Mario Monti, the technocratic PM, may have stopped the rot in some respects but has done nothing to make the economy grow. And by teaming up for this election with what remains of the Christian Democrats, he has revived unhappy memories of the long years of graft and corruption which that party came to stand for.

If Grillo’s Movement does as well as the polls suggest, enough of his candidates could win election – he himself is not running – to put huge pressure on the biggest grouping, most likely to be Pier Luigi Bersani’s centre-left Democratic Party. These will be inexperienced, first-time MPs, as honest as the day is long, but probably not the sort of people to depend on if and when the nation finds itself again on the cusp of economic disaster.

But that is not the most serious danger that Grillo poses. His programme may be laudable, even if his proposal for having the successor to President Giorgio Napolitano – a figure of enormous importance in volatile times like these – chosen by a universal on-line vote risks worse damage to Italy than anything even Berlusconi could inflict.

No, the real danger is the psychological allure of the man; the seductive charm of the idea of throwing everything out – everything! – and starting afresh. The old continent has been down that road before.

Is there any of Japan left to concrete?

Japan, though it is still one of the world’s Big Three economies, has been treading water for so long that this was beginning to seem its natural condition. It has lived in a becalmed state ever since the property price bubble burst more than 20 years ago, with near-zero inflation and near-zero interest rates. In the past few years, it has provided a sombre sort of role model for us in Europe.
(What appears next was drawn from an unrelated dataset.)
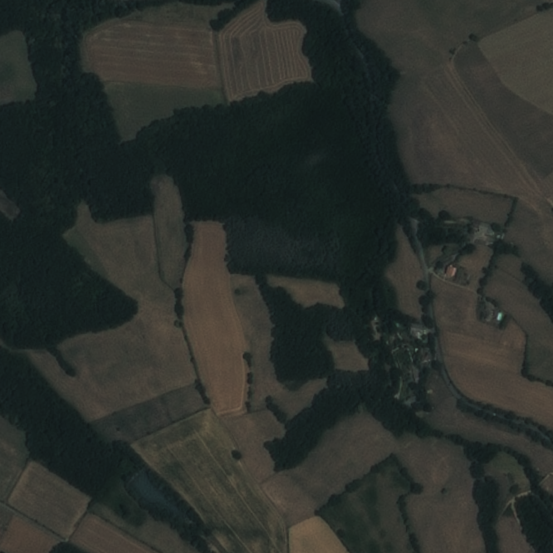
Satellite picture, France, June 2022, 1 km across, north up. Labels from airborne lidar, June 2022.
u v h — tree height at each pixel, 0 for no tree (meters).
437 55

But suddenly Japan seems to be waking up. Prime Minister Shinzo Abe wants to bounce the economy back into shape with a huge programme of public works, to bring back modest inflation, to shake the nation roughly awake. But is this progress or merely repetition? During the boom years – when Mr Abe’s father Shintaro was the country’s foreign minister – the big construction companies that were the Liberal Democrats’ biggest backers carpeted the country in concrete from one end to the other in pursuit of growth.

Donald Richie, the great American observer of Japan who died this week, said that when he arrived after the war it was the most beautiful country in the world; it became just about the ugliest. What more can they do to it?